WHAT IS EXPECTED
What you should give back is every line from the one containing "Named object: the" through the last line of the records below, word for word and without pictures.

INFORMATION SUPPLIED
┄┄┄┄┄┄
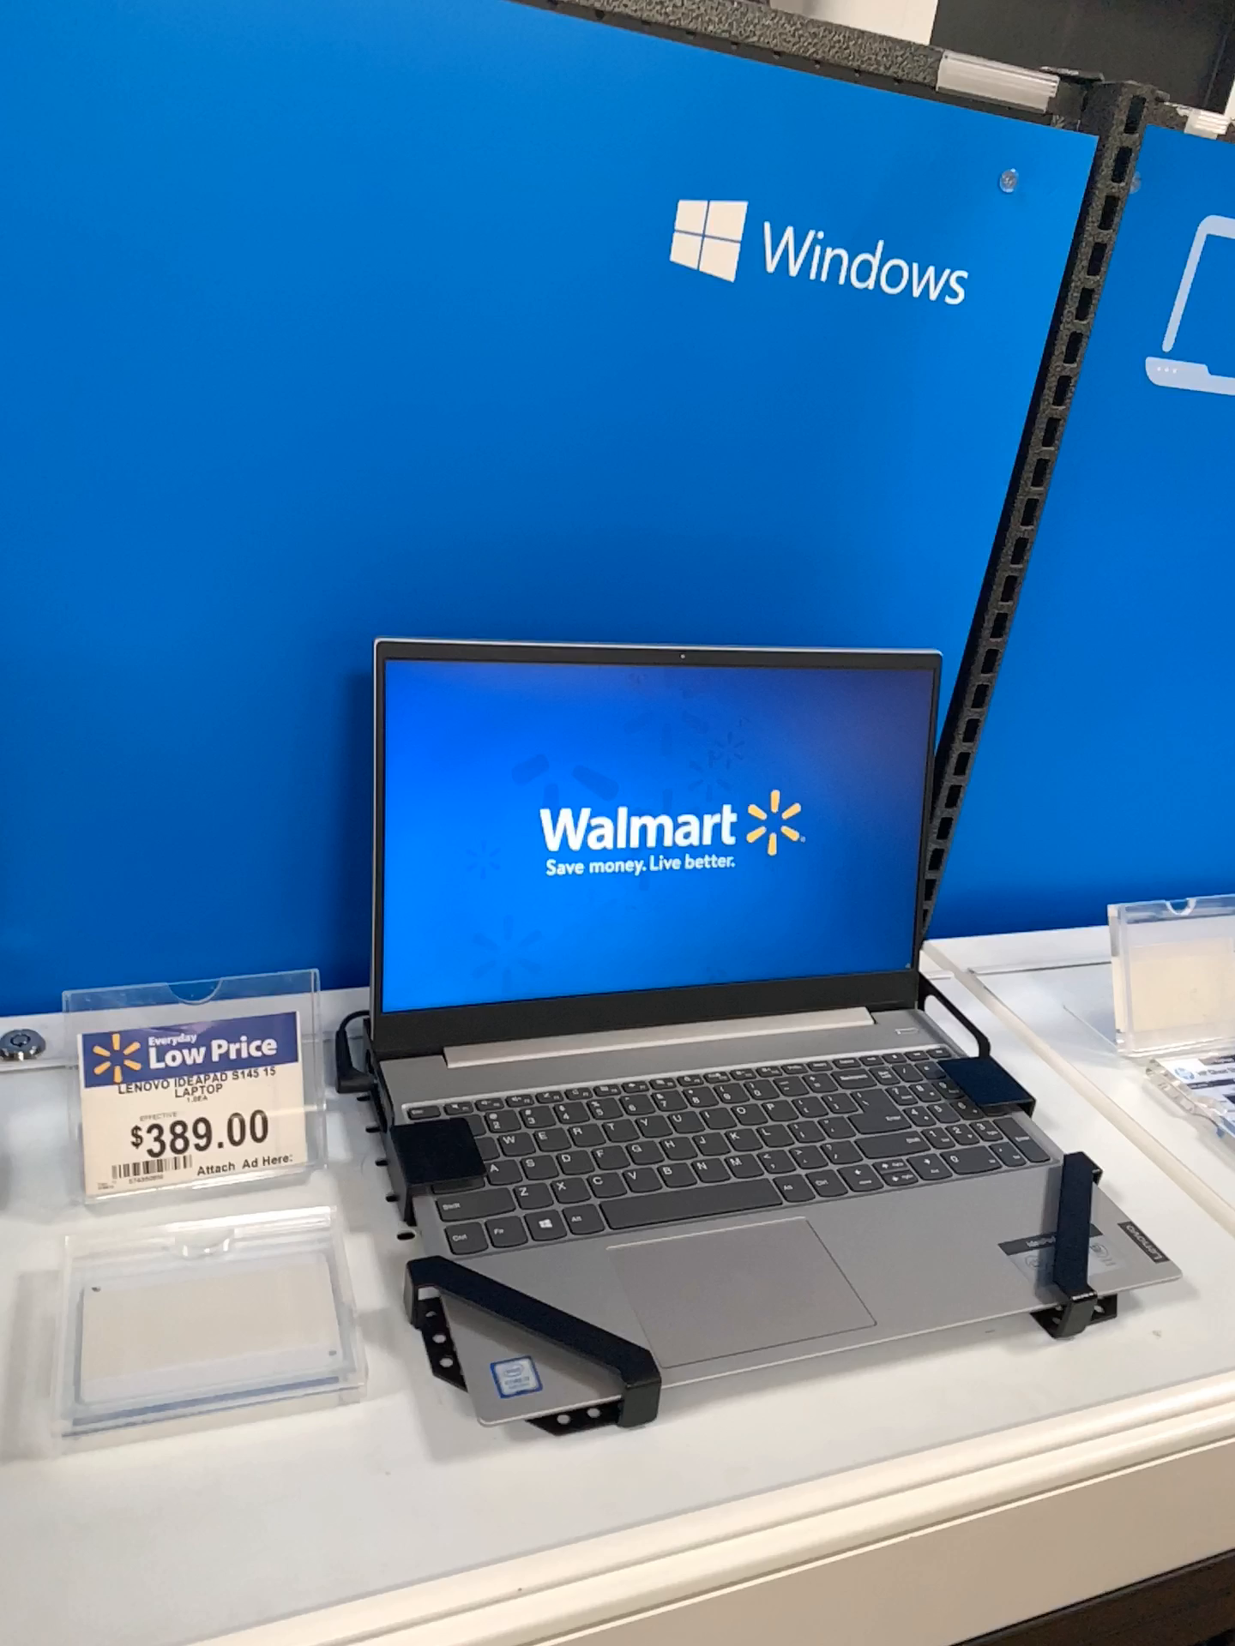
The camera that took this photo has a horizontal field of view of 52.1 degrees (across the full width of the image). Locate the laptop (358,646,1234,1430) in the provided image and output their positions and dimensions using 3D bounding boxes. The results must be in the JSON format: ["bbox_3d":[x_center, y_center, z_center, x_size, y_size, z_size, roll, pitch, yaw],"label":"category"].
[{"bbox_3d":[0.075,0.063,0.634,0.350,0.217,0.299,-2,26,-21],"label":"laptop"}]
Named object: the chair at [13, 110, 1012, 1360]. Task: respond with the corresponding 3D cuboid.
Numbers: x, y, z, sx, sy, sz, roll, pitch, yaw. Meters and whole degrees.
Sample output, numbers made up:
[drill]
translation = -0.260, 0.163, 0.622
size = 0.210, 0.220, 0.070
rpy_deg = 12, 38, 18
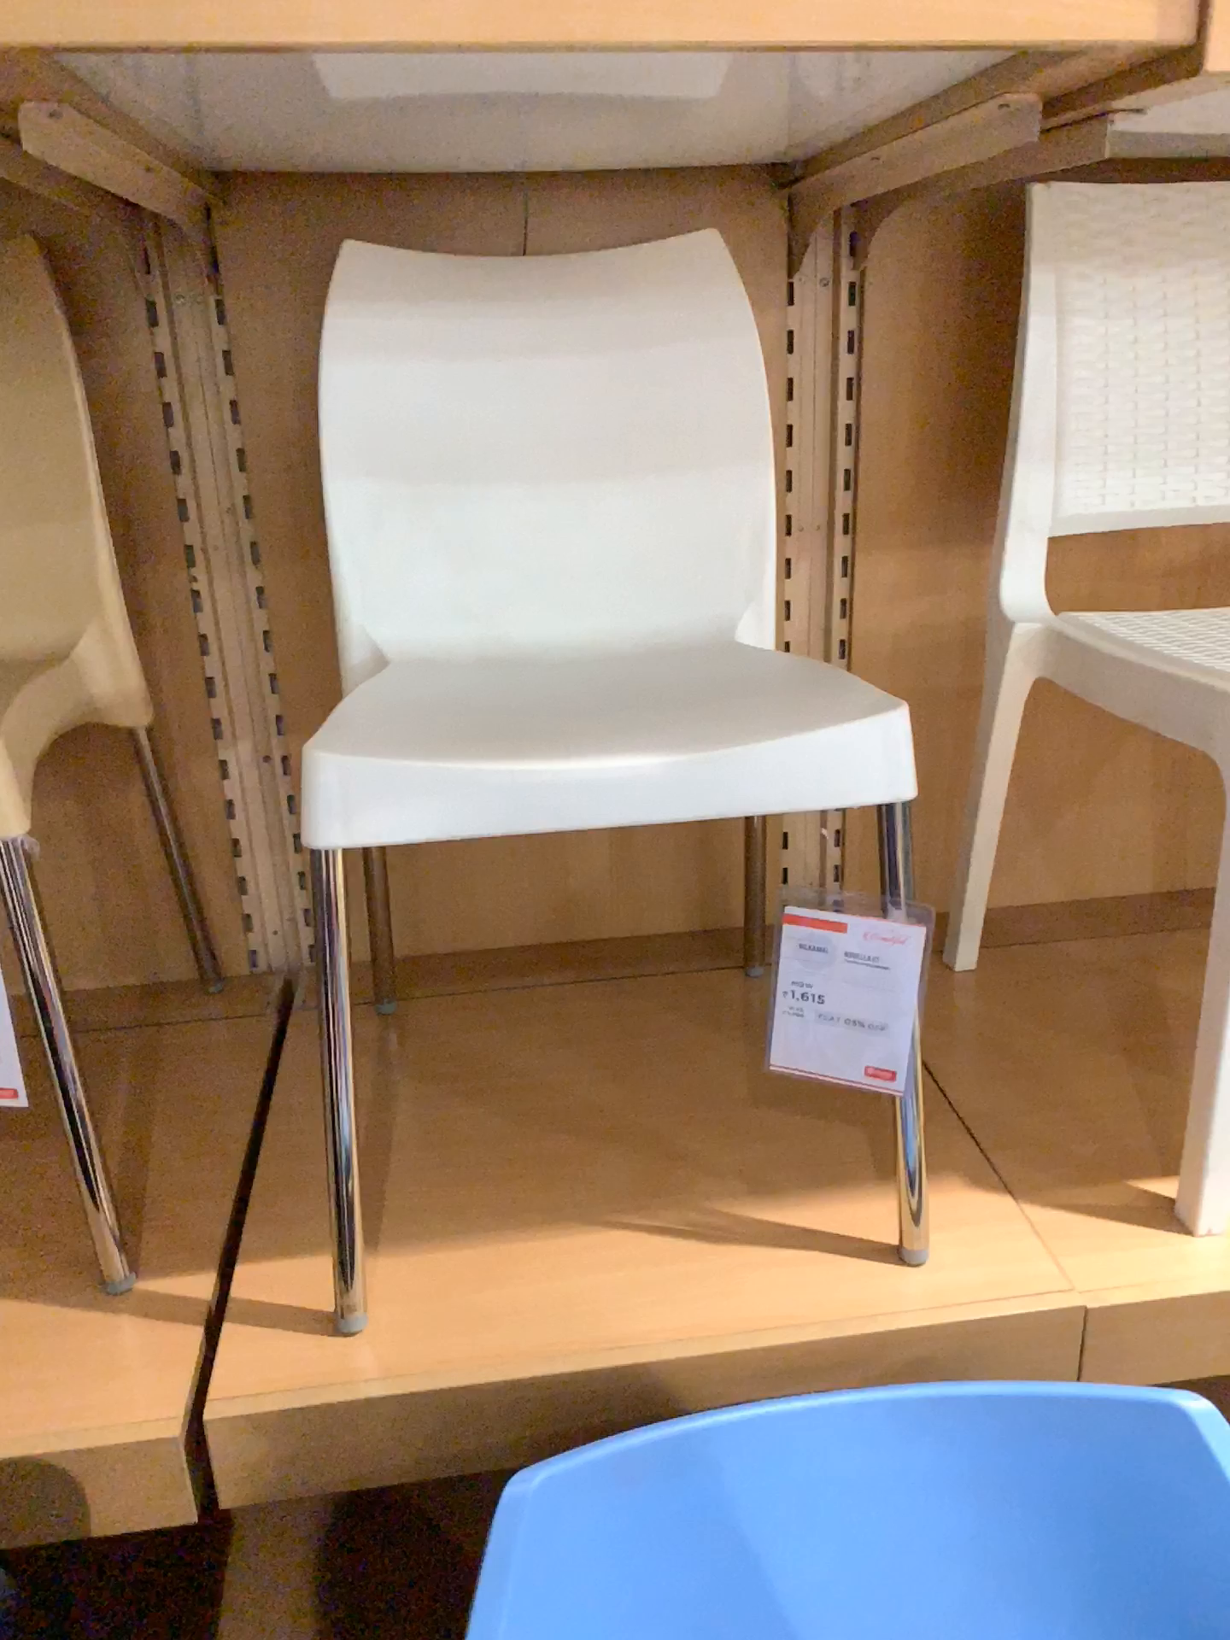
┄┄┄┄┄┄
RESPONSE TO THIS EXERCISE
Named object: the chair at [13, 110, 1012, 1360]. Task: respond with the corresponding 3D cuboid.
Numbers: x, y, z, sx, sy, sz, roll, pitch, yaw. Meters and whole degrees.
Sample output, numbers made up:
[drill]
translation = -0.260, 0.163, 0.622
size = 0.210, 0.220, 0.070
rpy_deg = 12, 38, 18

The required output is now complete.